[Work instructions] Go through the data and say how many lines include the string "title"; return only the figure.

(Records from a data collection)

☆ ☆ ☆

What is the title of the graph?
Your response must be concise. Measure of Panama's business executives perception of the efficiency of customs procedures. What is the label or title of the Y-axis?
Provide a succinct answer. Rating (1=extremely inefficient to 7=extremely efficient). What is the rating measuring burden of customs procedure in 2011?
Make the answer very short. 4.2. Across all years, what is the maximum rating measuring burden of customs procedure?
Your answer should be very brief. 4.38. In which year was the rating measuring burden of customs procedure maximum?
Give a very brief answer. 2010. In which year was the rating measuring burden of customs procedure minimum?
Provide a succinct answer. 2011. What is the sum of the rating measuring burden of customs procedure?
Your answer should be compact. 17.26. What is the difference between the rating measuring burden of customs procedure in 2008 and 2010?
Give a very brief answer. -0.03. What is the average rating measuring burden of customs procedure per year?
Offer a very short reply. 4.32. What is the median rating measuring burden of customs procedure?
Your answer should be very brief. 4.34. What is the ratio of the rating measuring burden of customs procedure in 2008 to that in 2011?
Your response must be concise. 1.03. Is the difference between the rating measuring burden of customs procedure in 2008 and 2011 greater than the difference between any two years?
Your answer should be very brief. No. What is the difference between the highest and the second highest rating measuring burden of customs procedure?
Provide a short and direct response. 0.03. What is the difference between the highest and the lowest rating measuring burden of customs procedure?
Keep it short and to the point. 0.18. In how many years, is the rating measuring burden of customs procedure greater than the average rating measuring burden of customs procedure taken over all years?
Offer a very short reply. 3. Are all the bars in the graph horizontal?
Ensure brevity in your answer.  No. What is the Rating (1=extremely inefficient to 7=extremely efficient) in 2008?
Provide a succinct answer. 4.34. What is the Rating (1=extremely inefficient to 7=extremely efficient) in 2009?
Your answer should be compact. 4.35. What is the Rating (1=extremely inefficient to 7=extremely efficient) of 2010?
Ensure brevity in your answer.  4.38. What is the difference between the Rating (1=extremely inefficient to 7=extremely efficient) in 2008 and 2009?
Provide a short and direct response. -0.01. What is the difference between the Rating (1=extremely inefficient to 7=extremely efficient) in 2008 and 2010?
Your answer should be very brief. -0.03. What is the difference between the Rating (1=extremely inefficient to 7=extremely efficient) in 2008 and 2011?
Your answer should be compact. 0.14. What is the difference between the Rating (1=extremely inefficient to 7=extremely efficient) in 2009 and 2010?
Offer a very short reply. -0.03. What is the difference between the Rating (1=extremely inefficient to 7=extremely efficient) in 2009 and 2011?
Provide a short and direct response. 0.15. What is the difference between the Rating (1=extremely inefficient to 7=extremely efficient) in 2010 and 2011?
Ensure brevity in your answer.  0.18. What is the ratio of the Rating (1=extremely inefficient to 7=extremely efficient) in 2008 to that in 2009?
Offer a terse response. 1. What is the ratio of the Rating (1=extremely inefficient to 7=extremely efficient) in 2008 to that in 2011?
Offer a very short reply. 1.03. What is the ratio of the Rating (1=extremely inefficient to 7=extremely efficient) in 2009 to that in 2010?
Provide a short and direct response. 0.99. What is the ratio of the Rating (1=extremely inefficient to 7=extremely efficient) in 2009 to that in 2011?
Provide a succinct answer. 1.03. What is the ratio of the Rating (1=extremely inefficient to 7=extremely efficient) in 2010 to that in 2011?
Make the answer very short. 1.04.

☆ ☆ ☆

[Solution to this task] 2